Available records:
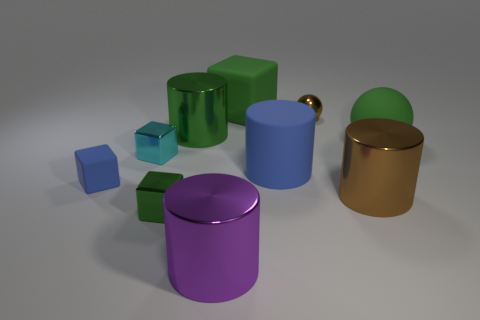Is there a small purple block that has the same material as the purple cylinder?
Ensure brevity in your answer.  No. What shape is the small metallic thing that is right of the tiny green cube that is to the left of the brown shiny thing in front of the big ball?
Offer a terse response. Sphere. Does the cyan shiny block have the same size as the brown metallic thing in front of the large rubber ball?
Provide a short and direct response. No. There is a metallic thing that is in front of the blue cylinder and to the left of the purple object; what is its shape?
Give a very brief answer. Cube. How many tiny objects are either yellow matte spheres or shiny cubes?
Your response must be concise. 2. Is the number of large purple shiny objects that are behind the purple cylinder the same as the number of big green cylinders that are in front of the large blue object?
Provide a short and direct response. Yes. How many other objects are the same color as the big rubber ball?
Provide a short and direct response. 3. Is the number of big cylinders on the left side of the large brown metallic thing the same as the number of purple rubber cylinders?
Ensure brevity in your answer.  No. Is the brown ball the same size as the purple thing?
Your answer should be very brief. No. What is the cube that is both in front of the tiny cyan metallic thing and behind the large brown cylinder made of?
Offer a terse response. Rubber. 
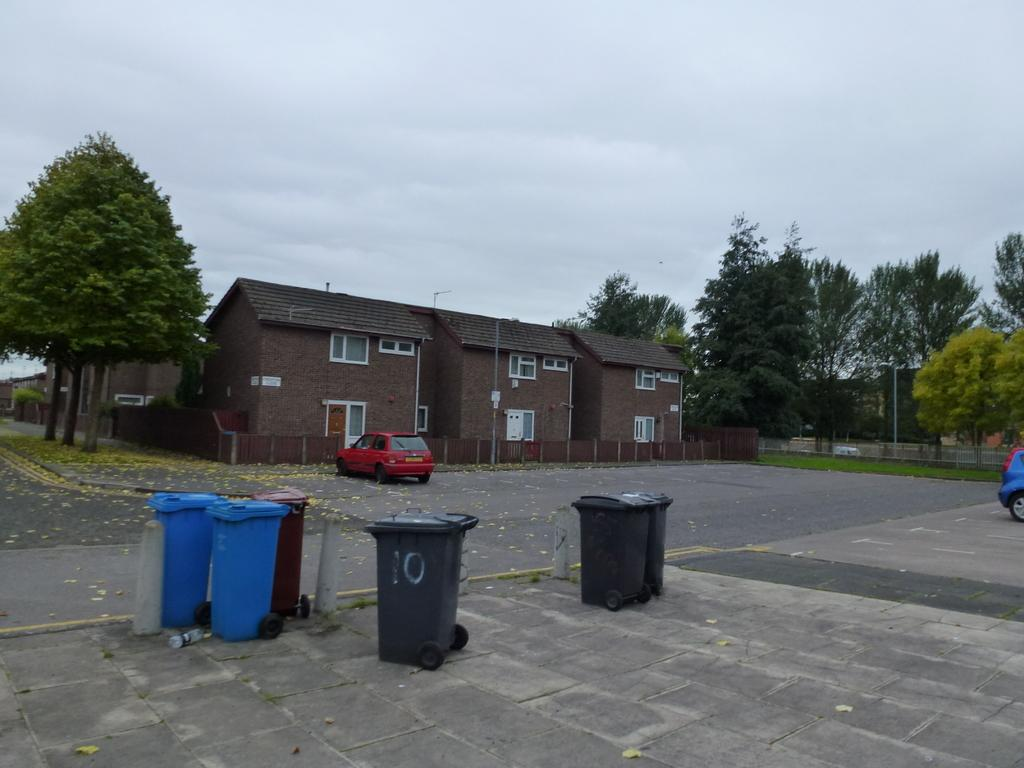<image>
Present a compact description of the photo's key features. Garbage can with the number 10 outside of a building. 
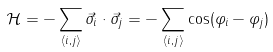Convert formula to latex. <formula><loc_0><loc_0><loc_500><loc_500>\mathcal { H } = - \sum _ { \left < i , j \right > } \vec { \sigma } _ { i } \cdot \vec { \sigma } _ { j } = - \sum _ { \left < i , j \right > } \cos ( \varphi _ { i } - \varphi _ { j } )</formula> 
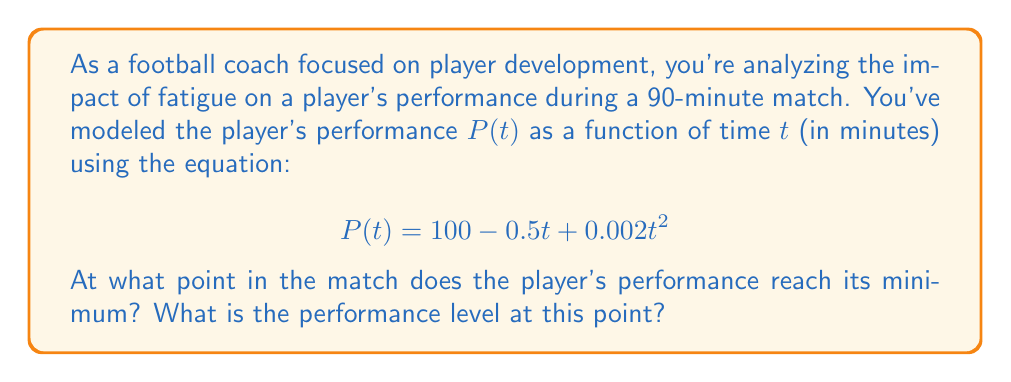Give your solution to this math problem. To solve this problem, we need to follow these steps:

1) First, we need to find the minimum point of the function $P(t)$. In calculus, we know that the minimum (or maximum) of a function occurs where its derivative equals zero.

2) Let's find the derivative of $P(t)$:

   $$P'(t) = -0.5 + 0.004t$$

3) Now, let's set this equal to zero and solve for $t$:

   $$-0.5 + 0.004t = 0$$
   $$0.004t = 0.5$$
   $$t = 125$$

4) This tells us that the minimum occurs at $t = 125$ minutes. However, we need to consider the context of our problem. A football match only lasts 90 minutes, so the actual minimum within our time frame will occur at the end of the match, at $t = 90$ minutes.

5) To find the performance level at this point, we plug $t = 90$ into our original equation:

   $$P(90) = 100 - 0.5(90) + 0.002(90)^2$$
   $$= 100 - 45 + 0.002(8100)$$
   $$= 55 + 16.2$$
   $$= 71.2$$

This analysis shows that player fatigue causes performance to decline throughout the match, reaching its lowest point at the final whistle. This information is crucial for developing strategies to manage player energy and considering substitutions.
Answer: The player's performance reaches its minimum at the end of the match (90 minutes), with a performance level of 71.2. 
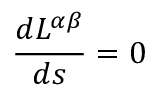<formula> <loc_0><loc_0><loc_500><loc_500>\frac { d L ^ { \alpha \beta } } { d s } = 0</formula> 
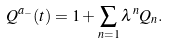Convert formula to latex. <formula><loc_0><loc_0><loc_500><loc_500>Q ^ { a _ { - } } ( t ) = 1 + \sum _ { n = 1 } \lambda ^ { n } Q _ { n } .</formula> 
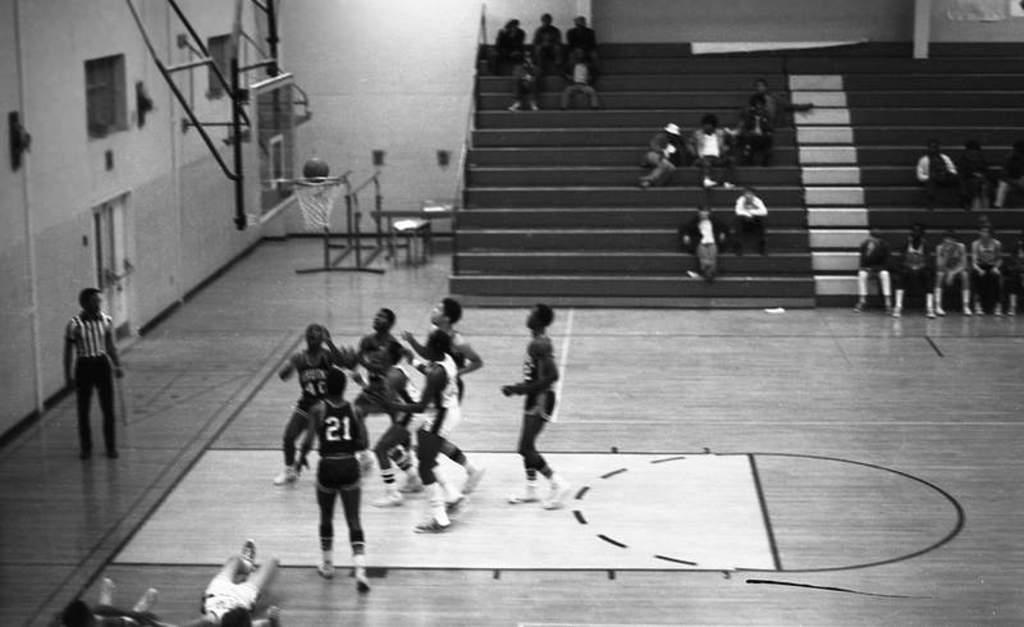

Brief: Each line above starting at the one holding "Offer a terse response. Rubber." and ending at the one holding "1) First, we" should be set down exactly as it stands, both ends included, with no pictures.

Task result:
Offer a terse response. Rubber. 
<image>
Present a compact description of the photo's key features. Garbage can with the number 10 outside of a building. 
Convert formula to latex. <formula><loc_0><loc_0><loc_500><loc_500>\mathcal { H } = - \sum _ { \left < i , j \right > } \vec { \sigma } _ { i } \cdot \vec { \sigma } _ { j } = - \sum _ { \left < i , j \right > } \cos ( \varphi _ { i } - \varphi _ { j } )</formula> 
Give your solution to this math problem. To solve this problem, we need to follow these steps:

1) First, we need to find the minimum point of the function $P(t)$. In calculus, we know that the minimum (or maximum) of a function occurs where its derivative equals zero.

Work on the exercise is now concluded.